Gleb: 12 months from now, we’ll think of antibody design as a solved problem — getting an antibody to an epitope, maybe even being able to vary the affinity. We basically saw that recently with a few releases, and we're doing that internally as well.
“Five years from now, I think we're going to be taking a molecule that's basically ready for prime time, directly to a patient.”
I don't think we're going to be quite doing zero-shot clinical design, but I think we’ll see molecules that are basically good enough for that. Because at Manifold, we have molecules that we put in vivo and they look really good already.
Sajith: You're saying first-in-human in less than 12 months.
Gleb: Exactly. We’d have to evolve the confidence there, and maybe there's always going to be a little bit of testing before. But I think the spirit of it, the gap between design to going into a patient, is going to be very narrow.
It’ll be true for some applications, not all. There's going to be an edge for whoever can build the data bridge from the best AI capabilities to the AI that can actually design the molecule for that application.
There’s no shortcut to domain expertise
Sajith: Any advice to founders who are getting started today?
Take seriously getting the domain knowledge of whatever problem you want to get into.

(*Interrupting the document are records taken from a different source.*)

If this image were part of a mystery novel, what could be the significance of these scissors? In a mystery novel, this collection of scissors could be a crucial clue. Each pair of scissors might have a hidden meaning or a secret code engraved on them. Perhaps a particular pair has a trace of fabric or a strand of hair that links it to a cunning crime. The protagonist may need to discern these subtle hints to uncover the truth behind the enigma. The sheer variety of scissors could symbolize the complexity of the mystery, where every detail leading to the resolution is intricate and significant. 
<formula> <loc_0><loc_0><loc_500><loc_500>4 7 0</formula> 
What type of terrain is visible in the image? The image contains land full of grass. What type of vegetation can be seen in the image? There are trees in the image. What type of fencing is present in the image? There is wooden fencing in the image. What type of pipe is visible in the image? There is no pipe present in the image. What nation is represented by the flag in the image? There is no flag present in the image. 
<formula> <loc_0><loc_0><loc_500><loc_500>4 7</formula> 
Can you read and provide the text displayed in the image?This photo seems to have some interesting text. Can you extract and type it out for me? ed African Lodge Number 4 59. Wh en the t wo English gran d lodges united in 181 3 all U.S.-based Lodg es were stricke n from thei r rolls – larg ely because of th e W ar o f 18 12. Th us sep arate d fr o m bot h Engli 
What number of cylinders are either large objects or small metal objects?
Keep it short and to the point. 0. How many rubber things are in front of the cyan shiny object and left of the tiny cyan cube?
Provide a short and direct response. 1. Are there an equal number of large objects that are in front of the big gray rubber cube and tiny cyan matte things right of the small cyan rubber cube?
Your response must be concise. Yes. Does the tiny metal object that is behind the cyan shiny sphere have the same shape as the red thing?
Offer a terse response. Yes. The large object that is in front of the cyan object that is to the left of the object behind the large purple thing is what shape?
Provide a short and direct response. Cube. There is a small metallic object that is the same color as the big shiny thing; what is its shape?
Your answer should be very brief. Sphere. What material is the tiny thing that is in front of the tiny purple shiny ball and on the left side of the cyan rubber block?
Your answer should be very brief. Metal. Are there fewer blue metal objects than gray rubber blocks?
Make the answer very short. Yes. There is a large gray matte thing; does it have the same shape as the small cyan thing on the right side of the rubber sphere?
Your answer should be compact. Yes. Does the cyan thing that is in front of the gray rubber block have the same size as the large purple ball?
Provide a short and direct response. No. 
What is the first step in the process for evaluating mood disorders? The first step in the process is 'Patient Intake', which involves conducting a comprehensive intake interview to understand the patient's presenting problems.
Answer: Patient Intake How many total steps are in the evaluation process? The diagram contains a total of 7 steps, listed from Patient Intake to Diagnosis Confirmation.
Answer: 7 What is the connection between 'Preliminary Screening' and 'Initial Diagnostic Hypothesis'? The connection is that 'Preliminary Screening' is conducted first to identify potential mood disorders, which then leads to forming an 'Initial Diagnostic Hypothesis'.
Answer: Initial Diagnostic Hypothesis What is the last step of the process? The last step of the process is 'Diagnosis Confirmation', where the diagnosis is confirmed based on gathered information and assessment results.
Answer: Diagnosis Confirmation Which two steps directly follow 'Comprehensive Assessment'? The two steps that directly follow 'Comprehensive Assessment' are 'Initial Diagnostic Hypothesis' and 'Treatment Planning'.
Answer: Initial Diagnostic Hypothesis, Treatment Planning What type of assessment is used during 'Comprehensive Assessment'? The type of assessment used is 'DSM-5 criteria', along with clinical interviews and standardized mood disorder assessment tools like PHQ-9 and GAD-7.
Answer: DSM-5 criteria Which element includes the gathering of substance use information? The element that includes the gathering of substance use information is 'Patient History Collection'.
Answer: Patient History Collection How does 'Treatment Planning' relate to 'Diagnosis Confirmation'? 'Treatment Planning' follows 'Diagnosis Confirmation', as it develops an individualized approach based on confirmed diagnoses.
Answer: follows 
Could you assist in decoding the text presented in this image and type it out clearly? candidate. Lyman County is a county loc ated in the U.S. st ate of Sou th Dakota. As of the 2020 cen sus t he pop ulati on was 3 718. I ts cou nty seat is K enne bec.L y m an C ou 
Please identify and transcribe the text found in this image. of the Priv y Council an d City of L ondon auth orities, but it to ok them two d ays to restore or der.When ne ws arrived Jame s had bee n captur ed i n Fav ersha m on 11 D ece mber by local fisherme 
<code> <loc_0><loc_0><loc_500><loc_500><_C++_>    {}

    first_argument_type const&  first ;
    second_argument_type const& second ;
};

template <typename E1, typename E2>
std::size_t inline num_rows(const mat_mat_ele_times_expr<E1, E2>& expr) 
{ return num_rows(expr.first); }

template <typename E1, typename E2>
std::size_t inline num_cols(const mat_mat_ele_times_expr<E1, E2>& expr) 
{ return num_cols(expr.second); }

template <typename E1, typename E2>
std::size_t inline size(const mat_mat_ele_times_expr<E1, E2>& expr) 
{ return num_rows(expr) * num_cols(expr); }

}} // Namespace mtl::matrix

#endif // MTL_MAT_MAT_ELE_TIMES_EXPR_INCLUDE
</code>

It's one thing to come and throw AI at the wall. But, as we all have seen, when you use AI on something that you're deeply expert in, there’s this constant uncanny valley experience because you can see the flaws.
“Getting deeply expert in the domain is the key to inventing the key enabling piece that takes you from uncanny valley to really useful.“
You can take the creative output of the AI, but a human will probably still be doing the last mile — and that last mile is really valuable and often incredibly hard.